I can get rid of this issue by clearing out any cookies in the setup script of each test case, but that's a lot to maintain when you have hundreds of test cases.
  • mannyvel's avatar
    mannyvel
    Occasional Contributor
    This also happens in LoadUI, which apparently uses SoapUI underneath.

    The good thing is that you can check for this by saving off the JSESSIONID value in the context after you get a session, then using a script between each step to compare the value of JSESSIONID to your stored value. If it doesn't match, you can try and force JSESSIONID back to the old one or just jump to your logout handler, or both.

    This isn't ideal, but it mostly works.

    I'm curious if this happens in the Pro version. Are there people who paid $10k for a tool (load ui pro) that can't handle sessions correctly?
  • mannyvel's avatar
    mannyvel
    Occasional Contributor
    As a note, checking for the JSESSIONID by hand doesn't work. Next thing I'm going to try is turning off session support and just using cookies directly.
  • mannyvel's avatar
    mannyvel
    Occasional Contributor
    Just verified that the same bug occurs in SoapUI Pro 4.5.1.

    This is a simple testcase with 4 calls:

    login/http
    login/amf
    search/amf
    logout/http

    There are two threads in the loadtest, with 1 run per thread.

    This is what I see (from the Charles proxy). The second cookie is never used. I see from psiprobe that that other session is an anonymous session, hanging out on the server waiting to expire.

    Request
    POST /MY_APP/j_spring_security_check?j_username=testuser1&j_password=testpassword&submit=login HTTP/1.1
    Response 1
    Set-Cookie JSESSIONID=7E2EF24479D172EE9AE066D75B5F3AAC; Path=/MY_APP
    Request 2
    POST /MY_APP/j_spring_security_check?j_username=testuser2&j_password=testpassword&submit=login HTTP/1.1
    Response 2
    Set-Cookie JSESSIONID=C9D3A808721A6B9D3421737FD4EEE7FD; Path=/MY_APP
    Request 3
    Cookie JSESSIONID=C9D3A808721A6B9D3421737FD4EEE7FD
    Request 4
    Cookie JSESSIONID=C9D3A808721A6B9D3421737FD4EEE7FD
    Request 5
    Cookie JSESSIONID=C9D3A808721A6B9D3421737FD4EEE7FD
    Request 6
    Cookie JSESSIONID=C9D3A808721A6B9D3421737FD4EEE7FD
    Request 7
    GET /MY_APP/j_spring_security_logout HTTP/1.1
    Cookie JSESSIONID=C9D3A808721A6B9D3421737FD4EEE7FD
    Request 8
    GET /MY_APP/j_spring_security_logout HTTP/1.1
    Cookie JSESSIONID=C9D3A808721A6B9D3421737FD4EEE7FD

    I noticed that the user-agent is:

    User-Agent Apache-HttpClient/4.1.1 (java 1.5)

    My local java is:

    java version "1.6.0_45"
    Java(TM) SE Runtime Environment (build 1.6.0_45-b06-451-11M4406)
    Java HotSpot(TM) 64-Bit Server VM (build 20.45-b01-451, mixed mode)
  • mannyvel's avatar
    mannyvel
    Occasional Contributor
    Since sessions work fine when you run only test at a time, you can bypass the session bug by spawning multiple testrunners from a driver shell script and parameterizing in the script.

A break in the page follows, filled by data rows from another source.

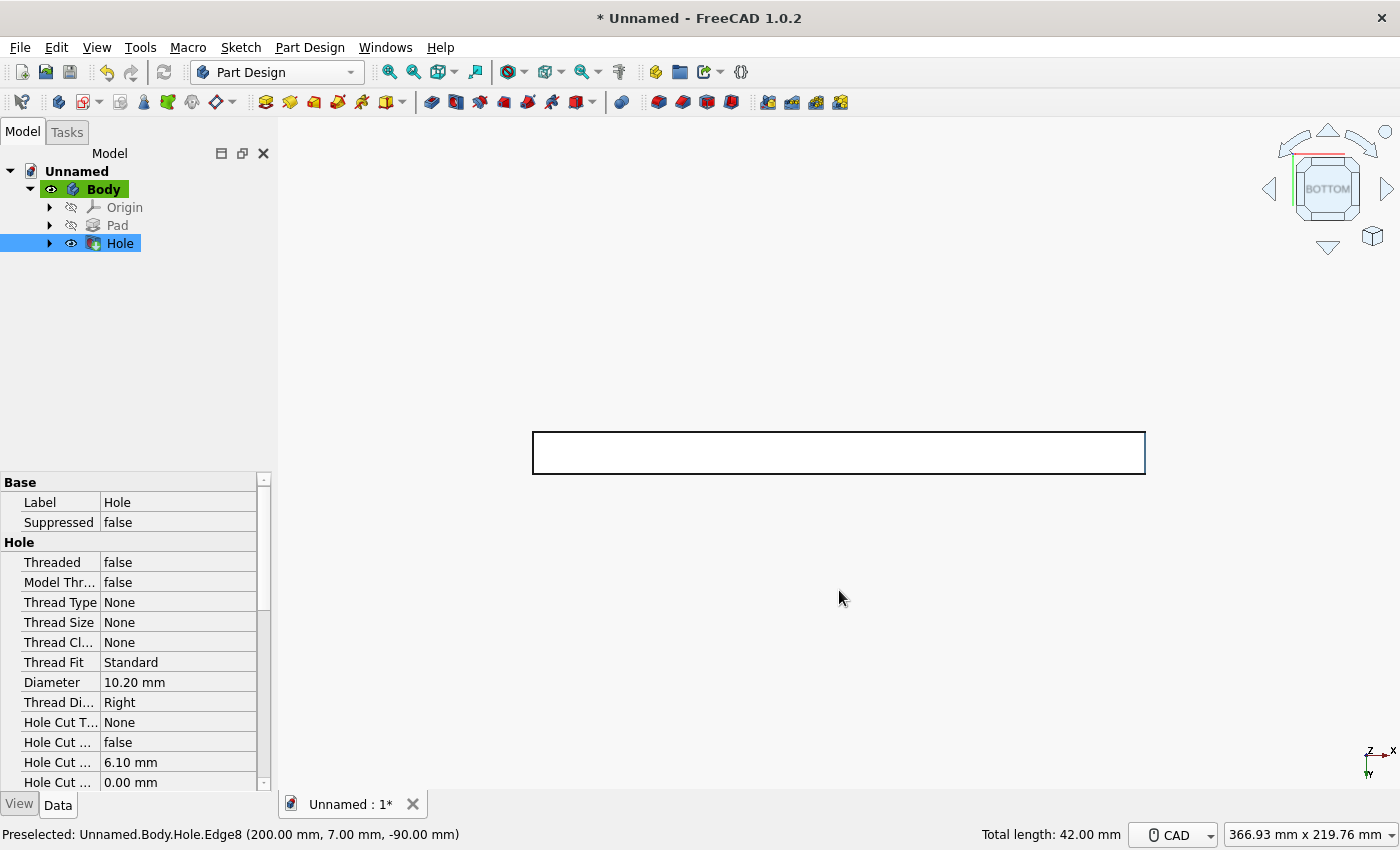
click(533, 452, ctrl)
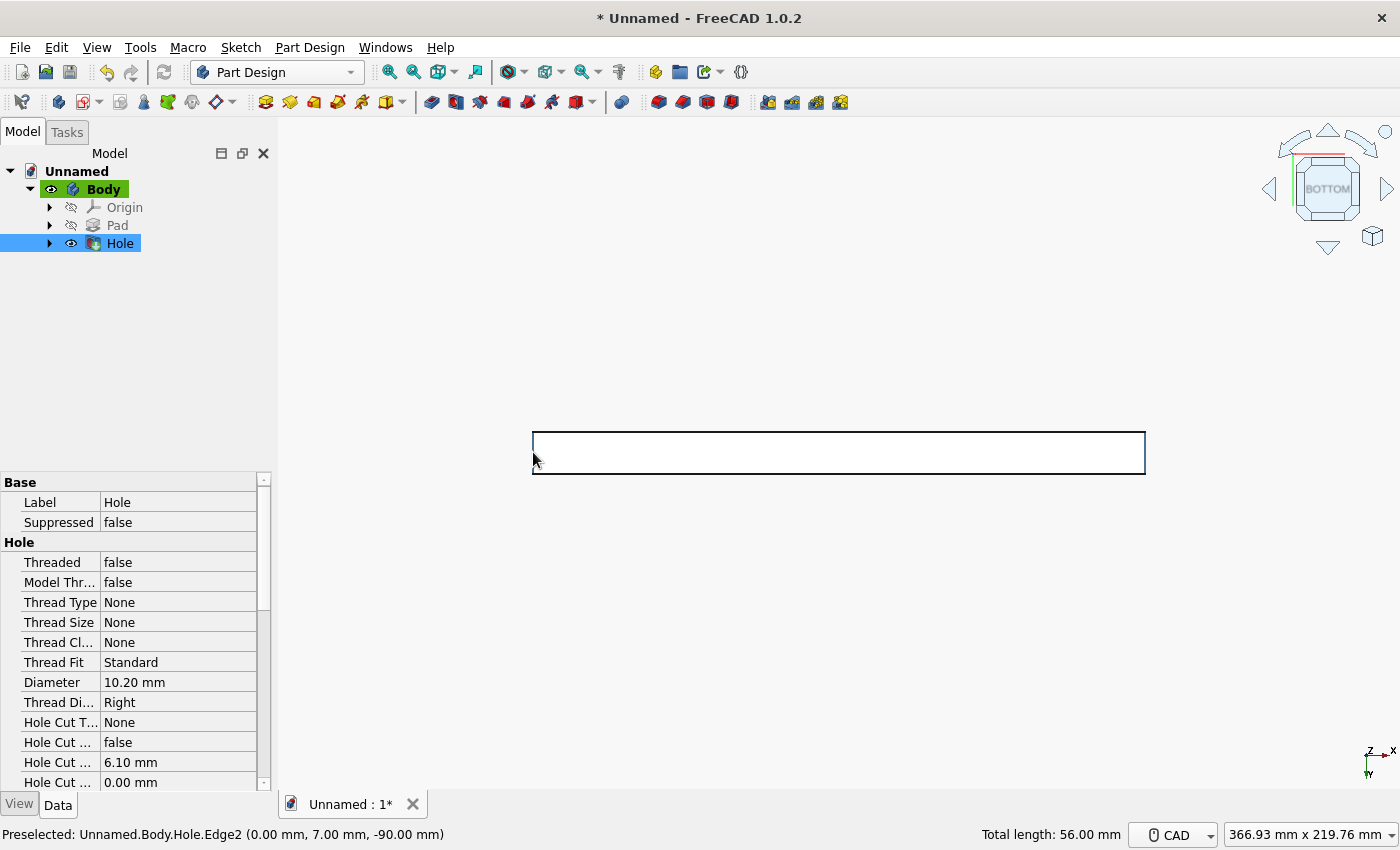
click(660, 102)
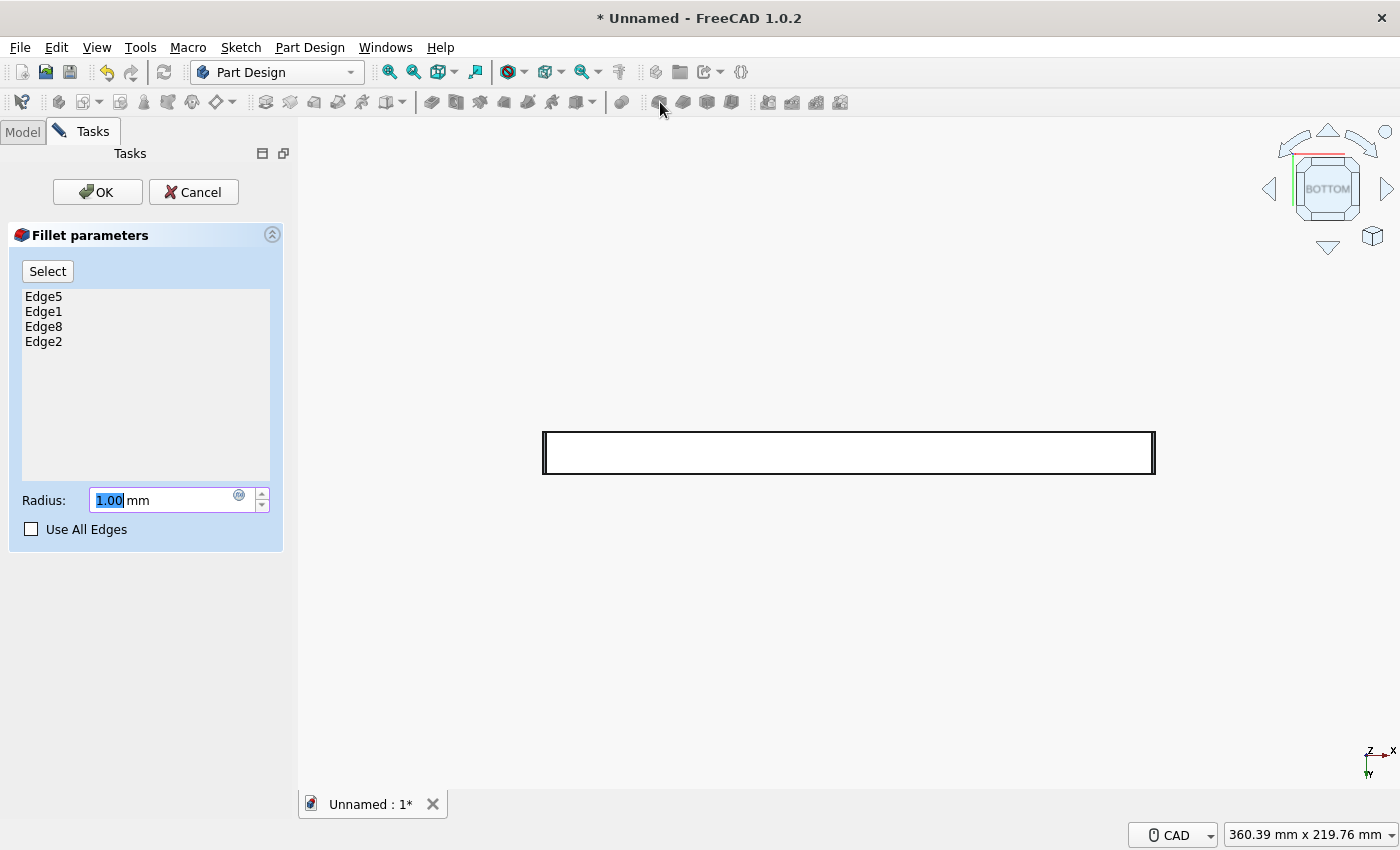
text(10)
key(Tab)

    You won't get the fancy graphs, but you can log the data and use excel, etc to make graphs.

    I haven't heard anything definitive, but apparently sessions aren't supported in load tests, even in the pro version.
  • mannyvel's avatar
    mannyvel
    Occasional Contributor
    Apparently the session is preserved in test cases now (4.5.2). Time to download it and see!
  • mannyvel's avatar
    mannyvel
    Occasional Contributor
    In 4.5.2, session cookies don't persist across different types of calls.

    Call 1: HTTP POST
    response: set-cookie
    Call 2: AMF POST
    request: no cookie present
    Call 3: HTTP GET
    request: cookie is present

    The cookie should be set after call 1, but it's not present in call #2. It is present in call #3. This used to work in 3.5.1. HTTP session is checked, AMF session is not checked.
  • I have a testsuite that contains several login steps for different certificates..when run the test individually the test will pass sucessfully but when run in a suite the tests are failing.
    The problem here is when second certficate login step executing, the first certificate is tryin to login and in response getting first certificate response.
    How to expire the first login before execute the next login? or is there any other approach?